**Problem statement:** Beginning with the line that has "Could you extract" and ending with the line that has "Could you assist", retype the entries below exactly, except for the pictures.

**Dataset content:**
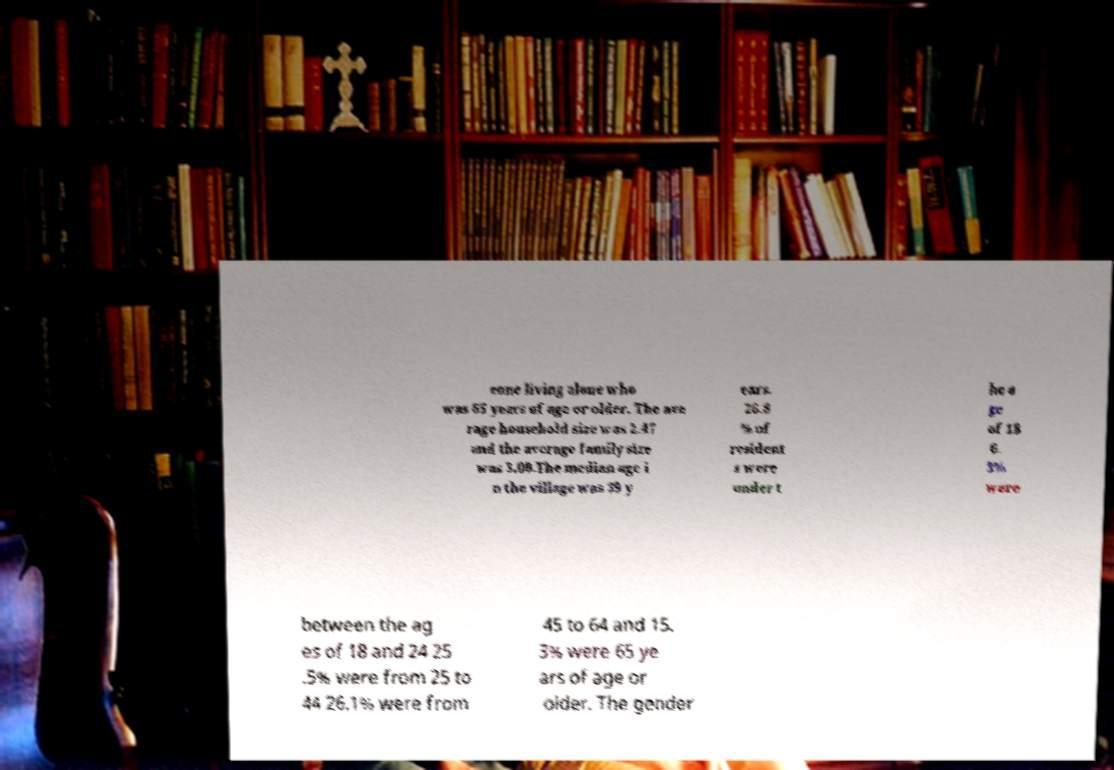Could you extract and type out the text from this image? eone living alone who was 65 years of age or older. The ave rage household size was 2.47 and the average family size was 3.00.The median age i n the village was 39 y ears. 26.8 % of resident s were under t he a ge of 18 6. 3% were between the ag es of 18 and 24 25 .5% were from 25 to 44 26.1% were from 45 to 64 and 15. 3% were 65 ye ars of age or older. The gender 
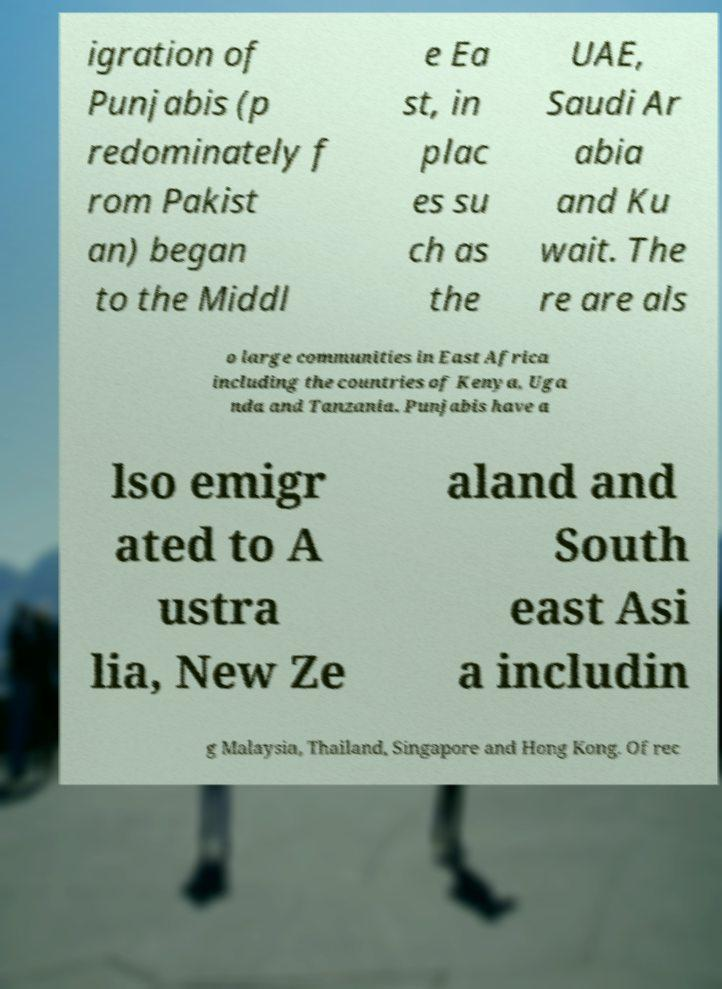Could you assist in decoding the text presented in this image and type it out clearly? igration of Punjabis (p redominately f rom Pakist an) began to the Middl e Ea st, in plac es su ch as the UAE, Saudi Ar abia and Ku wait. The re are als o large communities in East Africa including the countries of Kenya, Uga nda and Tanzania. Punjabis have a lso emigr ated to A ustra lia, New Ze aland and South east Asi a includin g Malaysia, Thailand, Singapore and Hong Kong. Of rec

* * *

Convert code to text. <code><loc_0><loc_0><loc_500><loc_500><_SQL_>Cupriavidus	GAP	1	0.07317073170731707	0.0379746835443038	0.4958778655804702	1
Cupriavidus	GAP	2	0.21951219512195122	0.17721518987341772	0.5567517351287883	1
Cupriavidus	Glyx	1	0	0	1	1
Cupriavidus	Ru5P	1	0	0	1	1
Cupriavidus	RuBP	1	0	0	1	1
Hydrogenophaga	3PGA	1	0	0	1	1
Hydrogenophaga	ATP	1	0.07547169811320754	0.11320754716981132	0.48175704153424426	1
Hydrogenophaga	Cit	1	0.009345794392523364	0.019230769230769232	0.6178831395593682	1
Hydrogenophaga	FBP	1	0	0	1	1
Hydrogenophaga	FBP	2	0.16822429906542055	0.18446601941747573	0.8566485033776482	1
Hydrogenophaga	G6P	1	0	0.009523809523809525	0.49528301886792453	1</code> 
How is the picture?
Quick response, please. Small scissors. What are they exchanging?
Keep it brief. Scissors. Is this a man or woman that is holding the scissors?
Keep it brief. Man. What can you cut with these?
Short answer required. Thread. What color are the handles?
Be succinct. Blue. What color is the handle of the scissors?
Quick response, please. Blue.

**Exercise output:**
Could you extract and type out the text from this image? eone living alone who was 65 years of age or older. The ave rage household size was 2.47 and the average family size was 3.00.The median age i n the village was 39 y ears. 26.8 % of resident s were under t he a ge of 18 6. 3% were between the ag es of 18 and 24 25 .5% were from 25 to 44 26.1% were from 45 to 64 and 15. 3% were 65 ye ars of age or older. The gender 
Could you assist in decoding the text presented in this image and type it out clearly? igration of Punjabis (p redominately f rom Pakist an) began to the Middl e Ea st, in plac es su ch as the UAE, Saudi Ar abia and Ku wait. The re are als o large communities in East Africa including the countries of Kenya, Uga nda and Tanzania. Punjabis have a lso emigr ated to A ustra lia, New Ze aland and South east Asi a includin g Malaysia, Thailand, Singapore and Hong Kong. Of rec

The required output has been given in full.